Any Indian investor needs to pay some charges and fees irrespective of whether they made a profit or not. These charges are almost universal and apply to all traders and investors. One such charge is the DP charge. So, what is the full form of DP charges, and what do DP charges means? The following sections discuss this and many more.
What Do DP Charges Mean?
DP charges full form is Depository Participant charges. These charges are levied to the charges you pay for investing or trading through a broker. DP charges are levied every time you sell the shares you hold. Generally, it is credited to your Demat account within two days when you buy a stock. In India, Demat accounts are maintained by depository institutions like National Securities Depository Limited (NSDL) and Central Depository Services (India) Limited (CDSL).
When you sell a stock, the broker or depository participant requests CDSL or NSDL to release the stock you wish to sell. The moment the depository institution releases the stock, and the stock lands upon the trading account for executing the sale transaction, a fixed amount gets deducted from your account as DP charges. The DP charges are divided between the CDSL/ NSDL and the broker you maintain an account with.
DP charges are generally fixed and not like other charges, such as brokerage fees, stamp duty, etc. So, it does not matter whether you sell one share or one thousand shares. The charge remains the same. Also, you cannot find the DP charge on the contract note sent by the broker since they get added to the ledger. Often, investors think that BTST (Buy Today Sell Tomorrow) trades are exempt from DP charges. But, that is not the case.

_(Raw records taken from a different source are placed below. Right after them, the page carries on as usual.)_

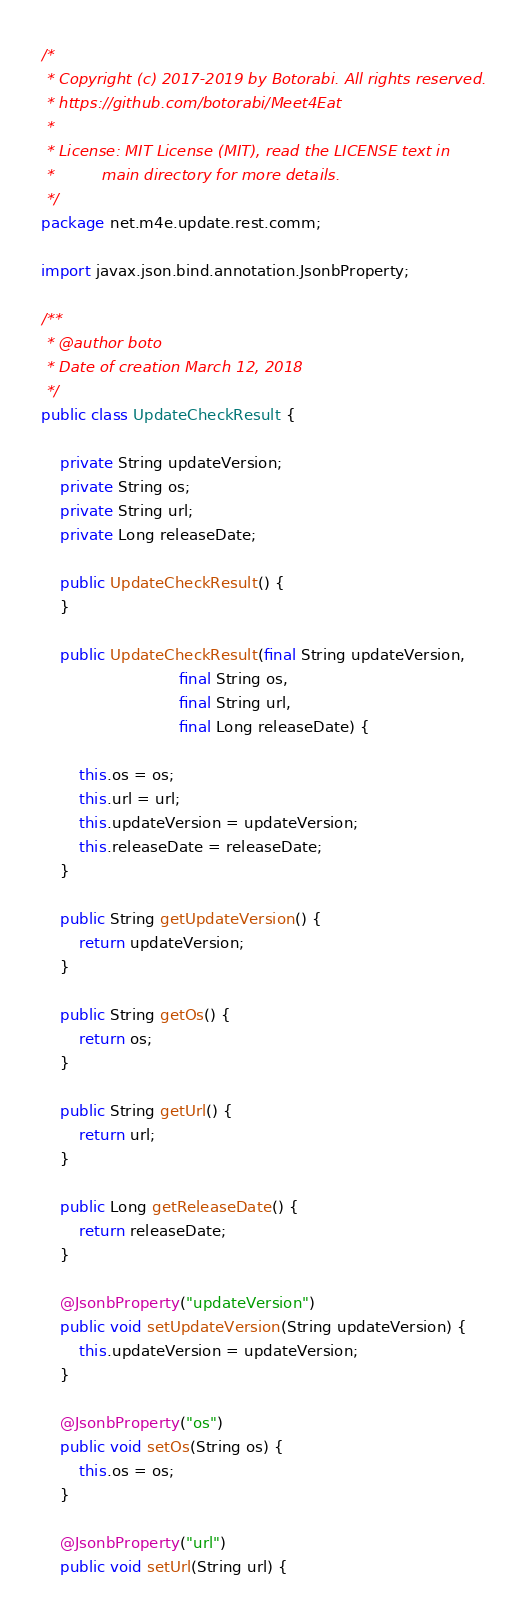<code> <loc_0><loc_0><loc_500><loc_500><_Java_>/*
 * Copyright (c) 2017-2019 by Botorabi. All rights reserved.
 * https://github.com/botorabi/Meet4Eat
 *
 * License: MIT License (MIT), read the LICENSE text in
 *          main directory for more details.
 */
package net.m4e.update.rest.comm;

import javax.json.bind.annotation.JsonbProperty;

/**
 * @author boto
 * Date of creation March 12, 2018
 */
public class UpdateCheckResult {

    private String updateVersion;
    private String os;
    private String url;
    private Long releaseDate;

    public UpdateCheckResult() {
    }

    public UpdateCheckResult(final String updateVersion,
                             final String os,
                             final String url,
                             final Long releaseDate) {

        this.os = os;
        this.url = url;
        this.updateVersion = updateVersion;
        this.releaseDate = releaseDate;
    }

    public String getUpdateVersion() {
        return updateVersion;
    }

    public String getOs() {
        return os;
    }

    public String getUrl() {
        return url;
    }

    public Long getReleaseDate() {
        return releaseDate;
    }

    @JsonbProperty("updateVersion")
    public void setUpdateVersion(String updateVersion) {
        this.updateVersion = updateVersion;
    }

    @JsonbProperty("os")
    public void setOs(String os) {
        this.os = os;
    }

    @JsonbProperty("url")
    public void setUrl(String url) {</code>

The share(s) get credited to your account after T+2 days when you place a buy order. When you place a sell order, the share(s) get debited from your account in T+2 days. For example, assume that you have bought 100 shares of XYZ company on Monday and sold them on Tuesday.
Since the actual credit or debit of shares happen after two days, the shares you bought on Monday will be transferred to your Demat account on Wednesday, and the shares you sold on Tuesday will be pulled out from your account on Thursday. Since the shares remain in your Demat account for one full day, you must pay the DP charges.
How Much Do You Pay as DP Charges?
As previously mentioned, the DP charges are fixed, meaning it does not depend on the quantity. The DP charge is usually INR 12.5 plus 18% GST per stock per day.
For example, if you sell 100 XYZ shares from your Demat account on Monday, you must pay INR 12.5 plus 18% GST. But, if you sell 100 XYZ shares and 100 ABC shares, the DP charges will be 12.5+12.5 = 25 plus 18% GST.
Who Levies and Collects DP Charges?
In India, depository institutions like NSDL and CDSL and depository participants, such as 5Paisa, levy DP charges. If you sell a stock on the National Stock Exchange (NSE), a part of the DP charges go to the NSDL. Similarly, if you sell a stock on the Bombay Stock Exchange (BSE), a part of the DP charges go to the CDSL. Depository Participants, such as 5Paisa, act as the intermediary between NSDL/ CDSL and investors.
Besides DP charges, an investor generally pays four types of fees and charges to DPs - Demat account opening fee, Annual Maintenance Charges (AMC), transaction fee, and custodian fee. 5Paisa offers free Demat and trading account opening to all eligible customers. You may click on this link to open a free Demat and trading account in less than 5 minutes.
Why do Depository Participants Levy DP Charges?
While DP charges mean higher expenditure for the investor, they are vital for DPs to run their operations. Before offering Demat account opening facilities to customers, a DP needs to register with NSDL and CDSL to get a licence for operating their business. For this, they pay a hefty sum to CDSL, NSDL, and SEBI.
For example, a financial institution or stockbroker willing to become a DP needs to pay SEBI fees, application processing fee, training fee, a refundable security deposit, software annual maintenance charges, insurance premium, connectivity charges, and registration fees for internet facilities.
The DP charges collected from investors help DPs recover the upfront money to get the licence from SEBI, NSDL, and CDSL.